Asymptotic expansion (Taylor approximation)

In many situations, the remainder term in the finite Taylor (Maclaurin) expansion is unimportant. To denote that some terms are not as important as others, we introduce a new notation of great convenience called the "little o." Using this little o notation, we define the asymptotic expansion, which is (almost) the same as the finite Taylor expansion except that the remainder term is replaced by the little o term.

See also: Taylor's theorem

Definition (Landau's asymptotic (``little \(o\)'') notation)

Let \(f(x)\) and \(g(x)\) be functions defined in the neighbor of \(x=a\). If

\[\lim_{x\to a}\frac{f(x)}{g(x)} = 0,\]

then, we write

\[f(x) = o(g(x)) ~~ (x \to a).\]

This ``\(o\)'' is called Landau's symbol} (or ``little o''), and this notation is called Landau's notation (or little-o notation).

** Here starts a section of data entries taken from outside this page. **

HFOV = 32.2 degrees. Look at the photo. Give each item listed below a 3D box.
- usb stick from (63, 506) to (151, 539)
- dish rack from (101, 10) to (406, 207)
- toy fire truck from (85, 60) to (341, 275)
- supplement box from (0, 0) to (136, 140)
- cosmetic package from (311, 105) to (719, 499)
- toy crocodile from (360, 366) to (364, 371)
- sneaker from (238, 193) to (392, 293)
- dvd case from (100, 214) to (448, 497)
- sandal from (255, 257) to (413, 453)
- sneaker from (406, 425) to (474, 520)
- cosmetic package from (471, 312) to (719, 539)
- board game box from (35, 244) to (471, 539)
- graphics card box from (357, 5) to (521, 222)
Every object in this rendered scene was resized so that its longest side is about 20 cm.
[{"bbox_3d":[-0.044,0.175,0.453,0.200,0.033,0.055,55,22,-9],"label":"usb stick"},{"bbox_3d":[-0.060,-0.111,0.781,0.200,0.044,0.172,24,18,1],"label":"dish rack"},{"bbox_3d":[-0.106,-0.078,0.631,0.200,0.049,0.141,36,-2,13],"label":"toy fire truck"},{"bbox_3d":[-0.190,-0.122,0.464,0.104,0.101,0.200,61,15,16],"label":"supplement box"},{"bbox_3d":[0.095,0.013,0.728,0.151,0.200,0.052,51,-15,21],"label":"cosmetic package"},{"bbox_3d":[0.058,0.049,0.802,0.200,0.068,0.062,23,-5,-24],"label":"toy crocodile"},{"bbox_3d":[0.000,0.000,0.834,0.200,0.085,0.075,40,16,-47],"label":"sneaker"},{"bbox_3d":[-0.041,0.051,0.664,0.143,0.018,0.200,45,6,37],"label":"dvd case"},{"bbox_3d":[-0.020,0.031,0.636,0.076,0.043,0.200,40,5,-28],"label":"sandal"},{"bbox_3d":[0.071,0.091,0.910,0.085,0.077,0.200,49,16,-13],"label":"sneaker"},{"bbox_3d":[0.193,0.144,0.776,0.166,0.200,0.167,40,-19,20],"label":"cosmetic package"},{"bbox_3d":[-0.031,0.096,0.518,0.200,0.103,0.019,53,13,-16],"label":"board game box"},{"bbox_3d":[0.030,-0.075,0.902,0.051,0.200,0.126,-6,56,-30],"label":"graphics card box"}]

Remark. When an equation involves Landau's symbol, it does not represent exact equality. □

Example. 

1. \(f(x) = o(1) ~ (x \to a)\) means \(\lim_{x\to a}\frac{f(x)}{1} = \lim_{x\to a}f(x) = 0\).
2. \(f(x) = 2x^2 + o(x^2) ~ (x \to 0)\) means that there exists some function \(h(x)\) such that \(f(x) = 2x^2 + h(x)\) and \(\lim_{x\to 0}\frac{h(x)}{x^2} = 0\).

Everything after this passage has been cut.